I fixed the problem by renaming the internal w
variables to m
:
But this is obviously a limited solution. One can call the macro with parameters that start with m
. Probably, the most
reliable way to resolve this is to establish a naming convention where all internal variables get some
prefix, depending on the macro name – something like _TRANSPOSE_16X16_w00
. This, however, makes the text very poorly
readable. Besides, it is always unpleasant to see the program correctness depend on another convention, rather than on
the language’s syntax and semantics. Ideally, the inline
specifier should just work, then this problem would not
have happened in the first place.
Results
After fixing the bug, the output is
25Read16_Write16_SSE_Unroll: 163
This means that we’ve achieved some progress, but haven’t really beaten the speed record - on Xeon. On the notebook we actually have:
Version | Time, Xeon | Time, i7 |
---|---|---|
Reference | 1367 | 2040 |
Src_First_1 | 987 | 989 |
Src_First_2 | 986 | 974 |
Src_First_3 | 1359 | 1528 |
Dst_First_1 | 991 | 1228 |
Dst_First_1a | 763 | 1137 |
Dst_First_2 | 766 | 1227 |
Dst_First_3 | 982 | 997 |
Dst_First_3a | 652 | 705 |
Unrolled_1 | 636 | 744 |
Unrolled_1_2 | 632 | 689 |
Unrolled_1_4 | 636 | 703 |
Unrolled_1_8 | 635 | 698 |
Unrolled_1_16 | 635 | 708 |
Write_4 | 491 | 901 |
Write_8 | 508 | 775 |
Read4_Write4 | 638 | 946 |
Read4_Write4_SSE | 232 | 439 |
Read4_Write16_SSE | 141 | 332 |
Read8_Write16_SSE | 120 | 323 |
Read16_Write16_SSE | 163 | 283 |
Read4_Write32_AVX | 138 | 378 |
Null | 1 | 3 |
Copy | 98 | 33 |
Copy_AVX | 56 | 76 |
It is interesting that the results on the notebook (Intel(R) Core(TM) i7-4800MQ CPU @ 2.70 GHz) are sometimes very similar to those on the server (Intel(R) Xeon(R) CPU E5-2670 @ 2.60GHz), but sometimes are much worse. The similar results can be explained by similar clock speeds. The different results probably demonstrate the significance of other variables – in our case, the OS and the compiler. I used GNU C 4.6 on Linux in one case and Visual C++ 2013 (as part of Microsoft Visual Studio Express 2013 for Windows Desktop), both in 64-bit mode. The code looks quite different, which can mean one of two things: either MSVC isn’t as good a compiler as GNU C, or it requires additional tuning.

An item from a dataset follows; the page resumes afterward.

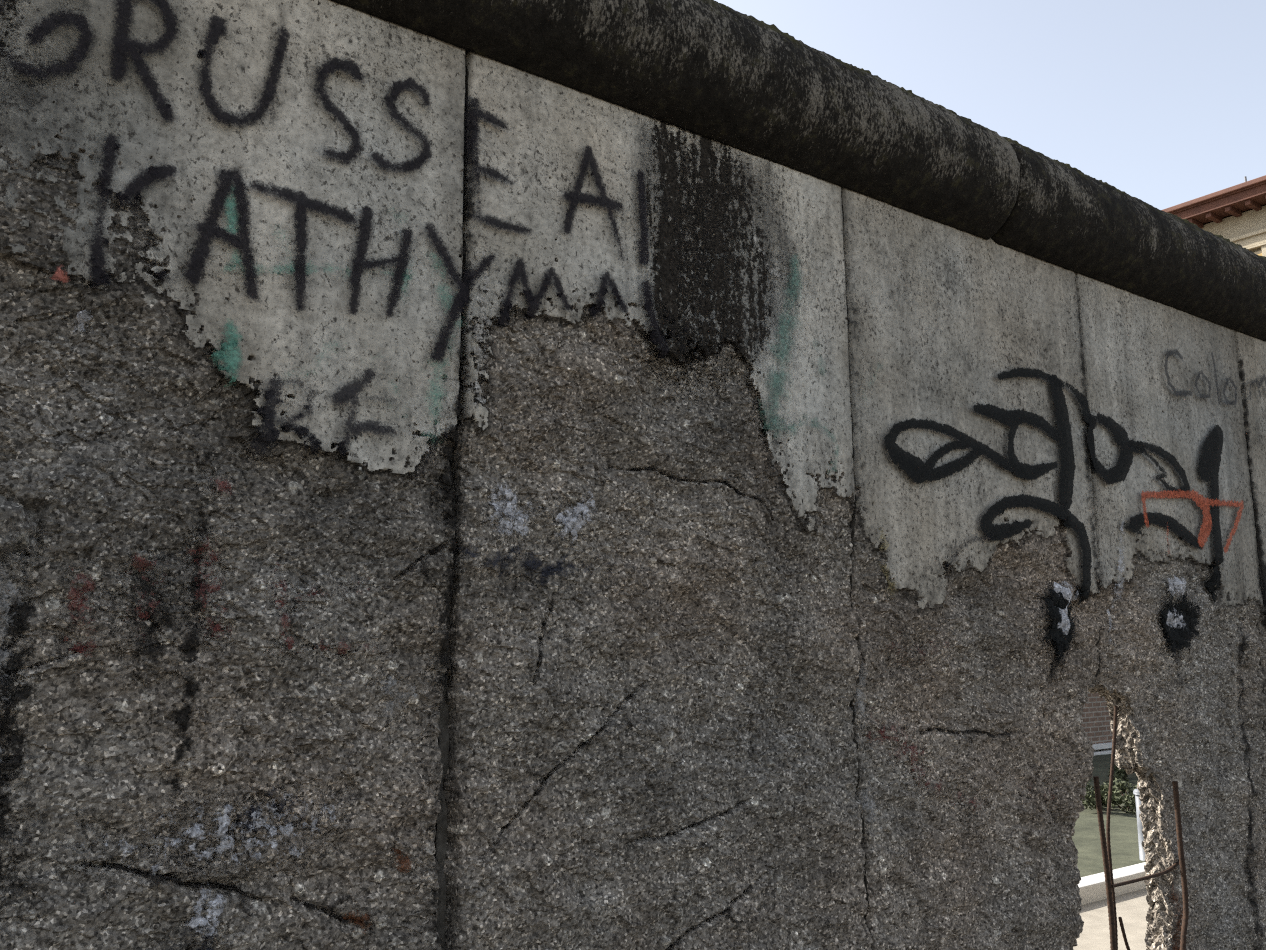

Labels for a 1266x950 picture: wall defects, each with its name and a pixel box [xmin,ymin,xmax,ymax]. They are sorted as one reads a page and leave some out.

It’s also interesting that Copy
methods are faster in MSVC than in GNU C, and that Copy
is faster than Copy_AVX
there.
The latter is explained by the fact that MSVC implements memcpy
function using AVX instructions, fully unrolls
and inlines it, and this doesn’t happen with hand-made AVX-based copy function.
Conclusions
-
One can’t always rely on the automatic function inlining; sometimes it fails.
-
Macros are very powerful as an optimisation technique, but quite error-prone; you must be really careful with them.
-
Correctness checking is absolutely essential when you optimise programs.
-
Different combinations of processor/OS/compiler may cause different versions of the same routines to be the fastest. In some cases the difference is big enough to justify keeping several versions and choosing one at runtime by means of performance testing or static configuration.